12. The method as recited in claim 10 wherein the multilayered resilient web is cut into a plurality of separate, individual multilayered resilient elements each of which are adhesively affixed to the first resilient fabric substrate in spaced relation to each other.

13. The method as recited in claim 12 wherein the method further comprises affixing a second resilient fabric substrate to the multilayered resilient elements opposite to the first resilient fabric substrate.

14. The method as recited in claim 13 wherein the multilayered resilient web is cut into a plurality of separate, individual multilayered resilient elements each of which are adhesively affixed to the first resilient fabric substrate in spaced relation to each other.
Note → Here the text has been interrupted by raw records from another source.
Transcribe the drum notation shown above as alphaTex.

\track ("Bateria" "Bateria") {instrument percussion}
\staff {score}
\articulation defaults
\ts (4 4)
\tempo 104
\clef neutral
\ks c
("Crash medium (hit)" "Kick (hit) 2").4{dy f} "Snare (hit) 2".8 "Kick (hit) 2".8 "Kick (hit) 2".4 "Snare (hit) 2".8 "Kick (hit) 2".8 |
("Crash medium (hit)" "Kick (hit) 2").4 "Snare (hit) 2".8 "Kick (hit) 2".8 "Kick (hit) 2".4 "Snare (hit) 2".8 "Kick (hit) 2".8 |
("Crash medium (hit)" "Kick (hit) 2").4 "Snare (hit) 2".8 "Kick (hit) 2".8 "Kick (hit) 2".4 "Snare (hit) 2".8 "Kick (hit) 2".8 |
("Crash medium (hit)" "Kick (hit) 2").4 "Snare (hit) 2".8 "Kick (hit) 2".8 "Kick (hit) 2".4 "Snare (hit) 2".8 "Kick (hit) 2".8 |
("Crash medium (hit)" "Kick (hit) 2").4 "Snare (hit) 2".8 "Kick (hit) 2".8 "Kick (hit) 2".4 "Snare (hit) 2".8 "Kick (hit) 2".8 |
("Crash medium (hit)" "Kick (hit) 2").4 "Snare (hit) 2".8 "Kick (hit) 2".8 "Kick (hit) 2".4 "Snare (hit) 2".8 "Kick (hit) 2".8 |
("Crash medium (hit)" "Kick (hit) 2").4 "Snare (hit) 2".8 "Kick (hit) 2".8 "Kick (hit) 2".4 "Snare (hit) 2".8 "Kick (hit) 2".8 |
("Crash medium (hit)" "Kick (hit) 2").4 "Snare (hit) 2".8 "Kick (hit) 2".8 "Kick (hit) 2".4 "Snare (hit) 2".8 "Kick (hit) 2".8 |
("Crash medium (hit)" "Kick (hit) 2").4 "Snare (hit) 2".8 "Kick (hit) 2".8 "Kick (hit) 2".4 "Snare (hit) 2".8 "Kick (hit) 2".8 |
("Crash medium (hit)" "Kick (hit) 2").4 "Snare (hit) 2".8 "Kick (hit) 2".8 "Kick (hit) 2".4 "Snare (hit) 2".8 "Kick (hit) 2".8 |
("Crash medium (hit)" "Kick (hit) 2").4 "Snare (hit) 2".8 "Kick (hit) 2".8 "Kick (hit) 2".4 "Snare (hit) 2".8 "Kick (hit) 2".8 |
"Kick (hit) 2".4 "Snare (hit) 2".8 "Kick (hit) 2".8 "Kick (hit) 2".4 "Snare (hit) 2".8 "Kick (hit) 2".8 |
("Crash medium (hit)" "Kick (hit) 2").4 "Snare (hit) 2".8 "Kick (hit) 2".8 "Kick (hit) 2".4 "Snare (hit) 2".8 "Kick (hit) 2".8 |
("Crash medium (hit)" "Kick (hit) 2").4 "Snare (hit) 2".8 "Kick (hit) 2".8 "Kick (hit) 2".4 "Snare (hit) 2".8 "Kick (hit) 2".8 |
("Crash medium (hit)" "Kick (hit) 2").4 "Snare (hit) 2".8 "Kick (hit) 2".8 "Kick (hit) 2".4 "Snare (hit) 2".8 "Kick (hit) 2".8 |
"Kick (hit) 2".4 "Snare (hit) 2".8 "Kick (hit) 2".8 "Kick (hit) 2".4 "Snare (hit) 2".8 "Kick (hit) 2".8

15. A protective garment comprising:

a first resilient stretchable fabric to be worn toward the body of a user;

an array of multilayered resilient foam elements having a planar top and bottom surface, the elements 5 mm to 20 mm thick and spaced at intervals of 1 mm to 6 mm from each other, the elements having a first layer having a compressibility of at least 110 kPa at 50% deflection and a density of at least 30 kg/m3 and a second layer having a compressibility of at least 400 kPa at 50% deflection and a density of at least 90 kg/m3, each of the first and second layers have a different density and compressibility, the first layer having a density which is less than the density of the second layer, the second layer having a compressibility less than the first layer, the thickness of the elements, the distance of the elements from each other, the relative compressibilities and densities of the layers making the elements are effective to permit at least two of the elements to coalesce with each other such that the elements will have a continuous outer surface of the second layer in an impact area when laid on a planar surface and impacted with a force; and

a second resilient stretchable fabric bonded to the second foam layer to be worn away from the body of the user, the second resilient stretchable fabric having a stretchability of at least 50%.

16. The protective garment as recited in claim 15 wherein the elements have a cross section which is hexagonal or triangular and wherein the first layer has a first compressibility of from about 110 kPa to about 210 kPa at 50% deflection and a density of from about 30 to about 50 kg/m3, and the second layer has a second compressibility of 400 kPa to about 700 kPa at 50% deflection which is less than the compressibility of the first layer, and a second density of from about 90 to about 200 kg/m3 and wherein the impact force which makes the coalesce is a force which makes at least two of the elements compress at least about 10%.

17. The protective garment as recited in claim 16 wherein the first and second substrates are four way stretch fabrics.